The women are angry that the couple allegedly implicated in the prostitution case have been placed on bail and they asked why the police at Bartica had not immediately taken statements from the girls instead of waiting till they were brought to Georgetown. Blair called this “gross nonsense,” and suggested that the police could have released the couple after the 72 hour period and then rearrested them.
She said the carnal knowledge aspect should be investigated as one of the girls, who is below of the age of 16, was allegedly chosen by the couple’s adult son after his father was alleged to have invited him to pick one of the girls to have sex with. The son, she said, should have been arrested, but from all reports he was still in the backdam at his parent’s location.
According to Blair following the report they received they immediately contacted the welfare officer at Bartica, but no action was taken, and it was left up to the organization to work along with the police to get the girls out. She said they would have been happy just to receive some “professional guidance” from the officer on the way forward, but instead they were obliged to “go ahead like blind mice and do what we think was right to do.”

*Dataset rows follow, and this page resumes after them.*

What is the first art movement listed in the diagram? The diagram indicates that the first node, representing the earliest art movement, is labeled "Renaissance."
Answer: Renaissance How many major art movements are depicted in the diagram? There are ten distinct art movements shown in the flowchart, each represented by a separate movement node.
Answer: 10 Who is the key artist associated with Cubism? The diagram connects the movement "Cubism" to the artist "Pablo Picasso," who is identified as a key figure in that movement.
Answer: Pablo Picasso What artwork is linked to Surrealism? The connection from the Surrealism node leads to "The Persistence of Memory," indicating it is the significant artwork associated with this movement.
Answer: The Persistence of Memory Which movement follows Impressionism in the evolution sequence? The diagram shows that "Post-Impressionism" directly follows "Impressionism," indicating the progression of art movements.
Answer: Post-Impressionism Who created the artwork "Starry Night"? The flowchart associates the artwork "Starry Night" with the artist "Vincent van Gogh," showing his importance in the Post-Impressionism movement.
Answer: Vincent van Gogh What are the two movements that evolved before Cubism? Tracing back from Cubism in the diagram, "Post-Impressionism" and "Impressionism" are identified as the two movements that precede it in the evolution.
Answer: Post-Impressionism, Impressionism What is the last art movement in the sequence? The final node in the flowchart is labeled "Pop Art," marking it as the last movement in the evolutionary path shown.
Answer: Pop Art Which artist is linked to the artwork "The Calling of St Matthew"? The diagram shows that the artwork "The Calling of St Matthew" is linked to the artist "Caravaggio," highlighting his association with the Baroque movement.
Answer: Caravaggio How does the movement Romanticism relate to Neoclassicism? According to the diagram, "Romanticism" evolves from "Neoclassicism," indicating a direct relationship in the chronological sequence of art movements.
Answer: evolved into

Meantime, the women were upset that since Saturday they have been denied access to see or speak to the girls involved. They pointed out that they are concerned and the girls trusted them and opened up to them, and they wanted one or two of them to be able to interact with the teenagers, but their request was denied.

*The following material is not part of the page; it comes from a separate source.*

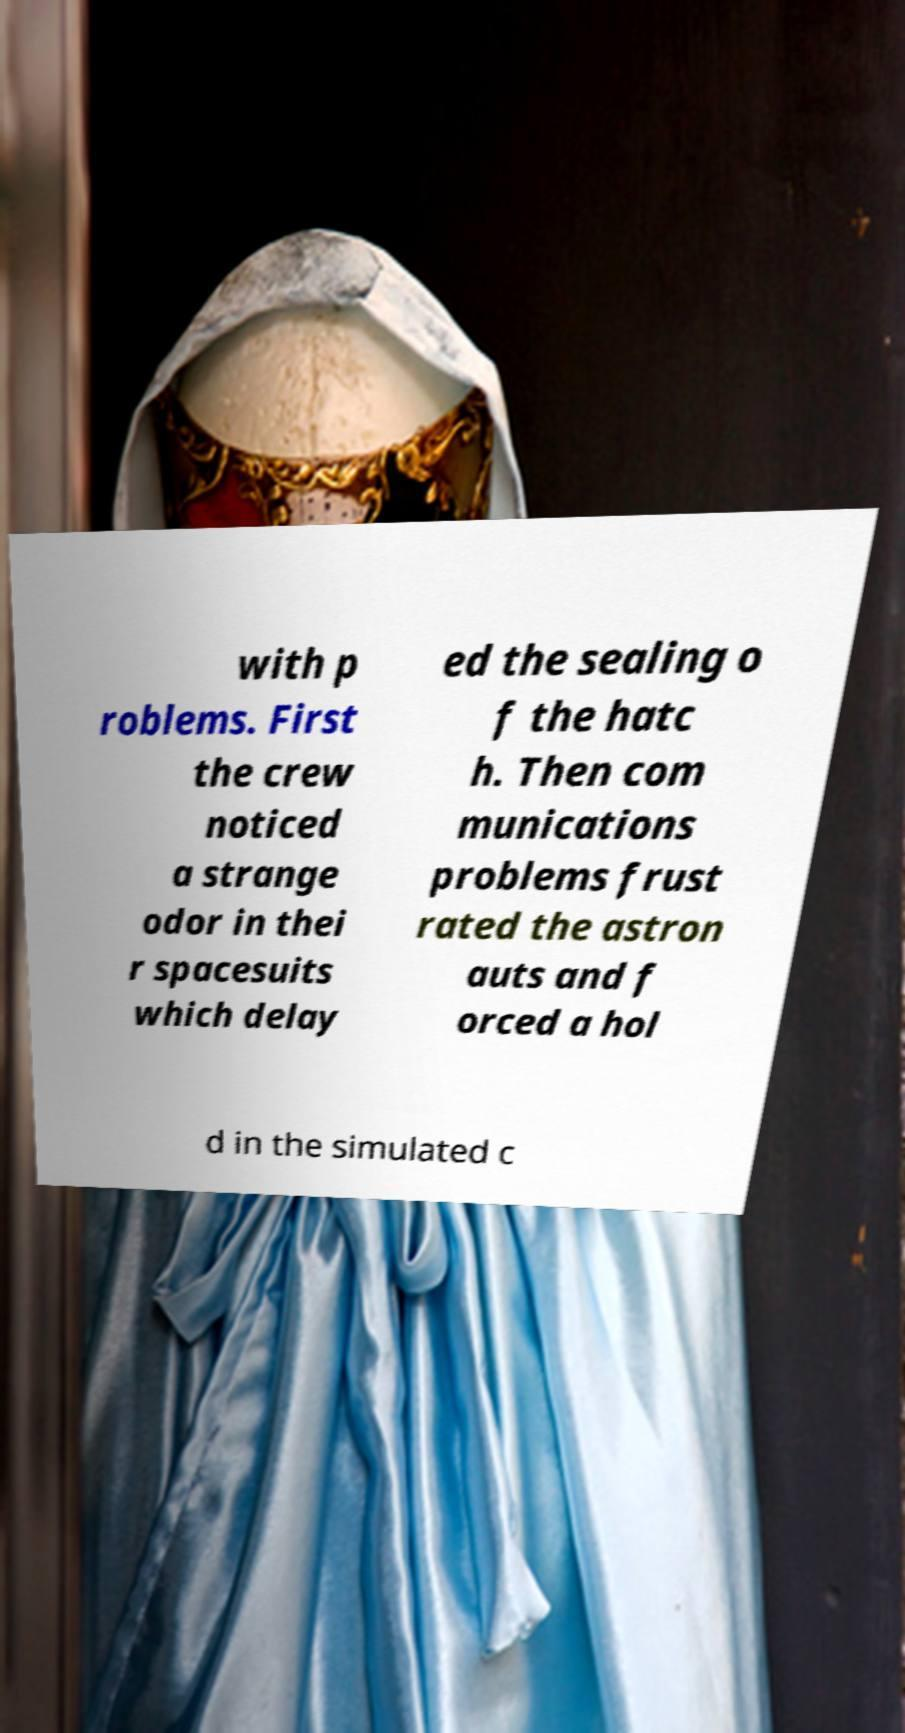Can you accurately transcribe the text from the provided image for me? with p roblems. First the crew noticed a strange odor in thei r spacesuits which delay ed the sealing o f the hatc h. Then com munications problems frust rated the astron auts and f orced a hol d in the simulated c

Elliot-Fredrick also added that there are persons who had contacted them to inform them about the alleged prostitution ring who are now enquiring about the wellbeing of the girls.
“When we asked they said that we cannot see them…we cannot talk to them,” she said with a sad shake of her head.

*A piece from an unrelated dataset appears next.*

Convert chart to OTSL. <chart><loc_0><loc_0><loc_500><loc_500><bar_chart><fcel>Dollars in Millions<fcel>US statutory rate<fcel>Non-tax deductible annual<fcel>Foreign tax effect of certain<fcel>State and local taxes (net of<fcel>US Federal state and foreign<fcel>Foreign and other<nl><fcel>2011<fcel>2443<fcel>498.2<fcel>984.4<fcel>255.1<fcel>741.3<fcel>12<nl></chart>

The organisation, she said, just wants to know that the girls are being properly taken care of since they are “just concerned people.” She said they were also concerned that the girls were at the police Criminal Investigation Department (CID) headquarters for almost the entire day giving statements even though two of them had been diagnosed with malaria.
“They are not well because malaria is not any nice thing, because even though when you finish using the treatment you need other stuff to build up your body,” she said.
Contacted, Director of the Child Care & Protection Agency Ann Greene told Sunday Stabroek that she had no issue with the women seeing the girls even though they were initially denied access following a mix-up.
She said that her agency is working with the girls – two 15-year-olds, one sixteen and a 17-year-old – as they need a lot counselling and assistance. While the three younger girls will remain in the custody of the agency the elder one was released into the custody of her mother, since she has a one-year-old child. She has to visit the agency for counselling sessions.
Greene said that the Counter Trafficking Unit is dealing with the alleged offence committed, but her agency will be working to help to empower the girls. “They need a lot of help and I will be doing this myself… one of them seems completely lost and we have to help her,” Greene said.
She said that she would also be doing some work with the women miners’ association as she wants them to be the agency’s partner in its work.
Meanwhile, the Vice-president said she was shocked to learn that the girls are not sensitized about HIV/Aids and she said this hurt her, and she hopes that following this experience the girls can be helped to become productive citizens.
She said that in its relatively short lifespan this is the second case the organisation has brought to the attention of the authorities. The first had to do with a 14-year-old from Itaballi who was living nowhere and was being taken advantage of by grown men. She is now in the custody of the ministry.